An unprecedentedly radical government grab for control of the American economy will be debated this week when the Senate considers saving the planet by means of a cap-and-trade system to ration carbon emissions. The plan is co-authored (with John Warner) by Joe Lieberman, an ardent supporter of John McCain, who supports Lieberman's legislation and recently spoke about "the central facts of rising temperatures, rising waters and all the endless troubles that global warming will bring."

Elaine Meinel Supkis

I was hit by a very big, very nasty lightning bolt when only 5 years old. I died and came back. This was the school I learned about Death. What shocked me [wrong word, I know] was that there were these very small demonic creatures there in the Outer Darkness that controlled all the world's wealth. They told me this. I startled them, I guess.

I am writing a story about that sort of thing. No one taught me anything about this. Except for perhaps fairy tales and such. But in 1955, I didn't know very many fairy tales. I sought them out afterwards.

ccq

Elaine a guru? Peter you futhermucker, why wreck a sort of good thing? And no one shows anyone how to die, your own will carries you to the door. Sit on that Mister Hyde Park.

Elaine Meinel Supkis

CCQ, Peter said really nice things. I thank him for that. Better than a slap in the face with a dead fish, eh?
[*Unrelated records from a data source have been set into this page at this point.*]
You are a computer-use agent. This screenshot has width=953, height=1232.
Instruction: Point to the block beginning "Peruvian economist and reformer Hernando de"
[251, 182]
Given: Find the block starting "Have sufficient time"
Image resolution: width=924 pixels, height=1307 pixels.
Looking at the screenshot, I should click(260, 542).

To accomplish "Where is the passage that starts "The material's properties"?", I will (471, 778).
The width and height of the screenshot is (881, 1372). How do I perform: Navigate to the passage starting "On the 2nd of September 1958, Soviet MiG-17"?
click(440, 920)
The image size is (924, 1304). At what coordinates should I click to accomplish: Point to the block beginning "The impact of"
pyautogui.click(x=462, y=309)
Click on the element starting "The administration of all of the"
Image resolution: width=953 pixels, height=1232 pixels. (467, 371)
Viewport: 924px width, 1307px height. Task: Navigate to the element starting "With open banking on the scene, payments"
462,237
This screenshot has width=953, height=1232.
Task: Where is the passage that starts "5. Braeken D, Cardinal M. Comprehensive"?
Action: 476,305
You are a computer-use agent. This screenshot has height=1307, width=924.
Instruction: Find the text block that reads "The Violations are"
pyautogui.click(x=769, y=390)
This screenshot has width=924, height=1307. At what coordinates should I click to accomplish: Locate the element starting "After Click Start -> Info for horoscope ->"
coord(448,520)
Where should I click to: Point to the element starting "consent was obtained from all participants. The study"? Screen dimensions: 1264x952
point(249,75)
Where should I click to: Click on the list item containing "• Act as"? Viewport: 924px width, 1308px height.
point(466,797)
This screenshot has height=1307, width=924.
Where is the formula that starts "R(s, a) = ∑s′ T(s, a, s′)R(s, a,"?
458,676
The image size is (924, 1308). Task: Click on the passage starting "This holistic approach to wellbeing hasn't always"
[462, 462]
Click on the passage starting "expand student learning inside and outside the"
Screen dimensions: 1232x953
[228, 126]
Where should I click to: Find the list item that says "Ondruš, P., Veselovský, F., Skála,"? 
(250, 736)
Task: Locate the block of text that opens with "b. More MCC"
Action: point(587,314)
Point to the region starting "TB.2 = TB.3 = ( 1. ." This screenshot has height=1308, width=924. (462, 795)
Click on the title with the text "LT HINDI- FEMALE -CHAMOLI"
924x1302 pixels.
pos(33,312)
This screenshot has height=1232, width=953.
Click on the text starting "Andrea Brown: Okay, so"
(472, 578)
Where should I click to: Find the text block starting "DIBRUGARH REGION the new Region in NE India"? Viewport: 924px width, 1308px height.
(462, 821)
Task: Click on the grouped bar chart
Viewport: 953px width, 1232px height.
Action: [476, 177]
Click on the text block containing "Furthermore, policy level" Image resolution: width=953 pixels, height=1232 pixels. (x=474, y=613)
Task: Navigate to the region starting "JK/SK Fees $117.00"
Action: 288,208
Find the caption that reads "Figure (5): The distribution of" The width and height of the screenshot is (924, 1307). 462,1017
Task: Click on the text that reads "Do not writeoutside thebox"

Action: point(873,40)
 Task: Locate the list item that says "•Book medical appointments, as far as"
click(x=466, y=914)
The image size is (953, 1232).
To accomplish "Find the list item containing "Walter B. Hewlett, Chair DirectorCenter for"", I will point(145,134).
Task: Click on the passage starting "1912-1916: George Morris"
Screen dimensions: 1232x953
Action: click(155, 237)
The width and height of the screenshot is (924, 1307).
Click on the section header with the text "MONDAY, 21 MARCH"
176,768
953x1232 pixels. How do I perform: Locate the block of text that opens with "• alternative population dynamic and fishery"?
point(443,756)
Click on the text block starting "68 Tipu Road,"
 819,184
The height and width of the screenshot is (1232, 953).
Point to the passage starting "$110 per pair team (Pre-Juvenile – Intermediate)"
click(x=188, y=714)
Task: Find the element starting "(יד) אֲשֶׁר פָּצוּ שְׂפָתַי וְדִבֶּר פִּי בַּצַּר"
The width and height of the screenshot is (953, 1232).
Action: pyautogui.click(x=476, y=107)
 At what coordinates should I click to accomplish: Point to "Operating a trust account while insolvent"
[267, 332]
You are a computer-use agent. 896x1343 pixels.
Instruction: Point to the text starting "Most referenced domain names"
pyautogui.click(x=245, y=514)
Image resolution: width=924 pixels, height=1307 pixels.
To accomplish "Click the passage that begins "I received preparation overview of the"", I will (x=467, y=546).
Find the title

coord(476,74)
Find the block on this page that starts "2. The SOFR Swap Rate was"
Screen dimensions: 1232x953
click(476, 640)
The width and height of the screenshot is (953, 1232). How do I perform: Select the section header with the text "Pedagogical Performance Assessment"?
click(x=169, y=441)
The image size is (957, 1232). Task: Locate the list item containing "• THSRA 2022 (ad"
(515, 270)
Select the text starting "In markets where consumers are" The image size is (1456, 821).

When I was young, I said, 'Death is when you can't take the pain anymore.'

JSmith

My, my... that article was certainly wide-ranging (which is a nice way of saying "all over the map.")

Kyoto (the beast that spawned carbon credits), is, you'll no doubt recall, coming to an end. Look for a number of players to say, "The hell with it."

"If anyone is not burning fossil fuels right now, they are POOR PEOPLE. "

That is so: fossil fuels are expensive. The world's poor burn wood, dung, things like that. Google "Asian brown cloud".

Elaine Meinel Supkis

JSmith, you are talking about how I used to live in the tent complex.

And the smug attitudes here: eventually people living in unsustainable houses in America will learn about how the other half of humanity lives. No airconditioning, for starters.

JSmith

"JSmith, you are talking about how I used to live in the tent complex."

No, I'm not. And you know I'm not.

There is just a bit of difference between not using airconditioning and cooking chapatties over a fire of dried cow dung which one has gathered from the streets of Kolkata. And burning wood in a stove of even moderate efficiency is different from burning it in an open fire.

Did you google "Asian brown cloud"? A great deal of pollution comes from burning biomass, and the people who do live by burning biomass have lots more to worry about than carbon offsets.

Pollution is a first-world concern, not a third-world concern. The problem is that pollution is much more a third-world problem.

DeVaul

I did once read about the enormous about of smoke produced by all the clay ovens in India cooking chappatis and rice and whatever. Still, they are at least just trying to survive.

They are not dumping huge truckloads of toxic waste from making plastic toys into a nearby river where it will poison innocent children. That is first world type pollution, and it is produced by first world type people, not subsistence farmers.

A bit different.

JSmith

"I did once read about the enormous about of smoke produced by all the clay ovens in India cooking chappatis and rice and whatever."

There's that, and also slash-and-burn agriculture as practiced in Indonesia, the Amazon basin, etc.

"Still, they are at least just trying to survive."

Which is why no one wants to say anything about it. It's not politically correct to criticise the third world; it is politically correct to criticise the first world.

>A bit different.

Yes, in that atmospheric pollution does not remain in its country of origin.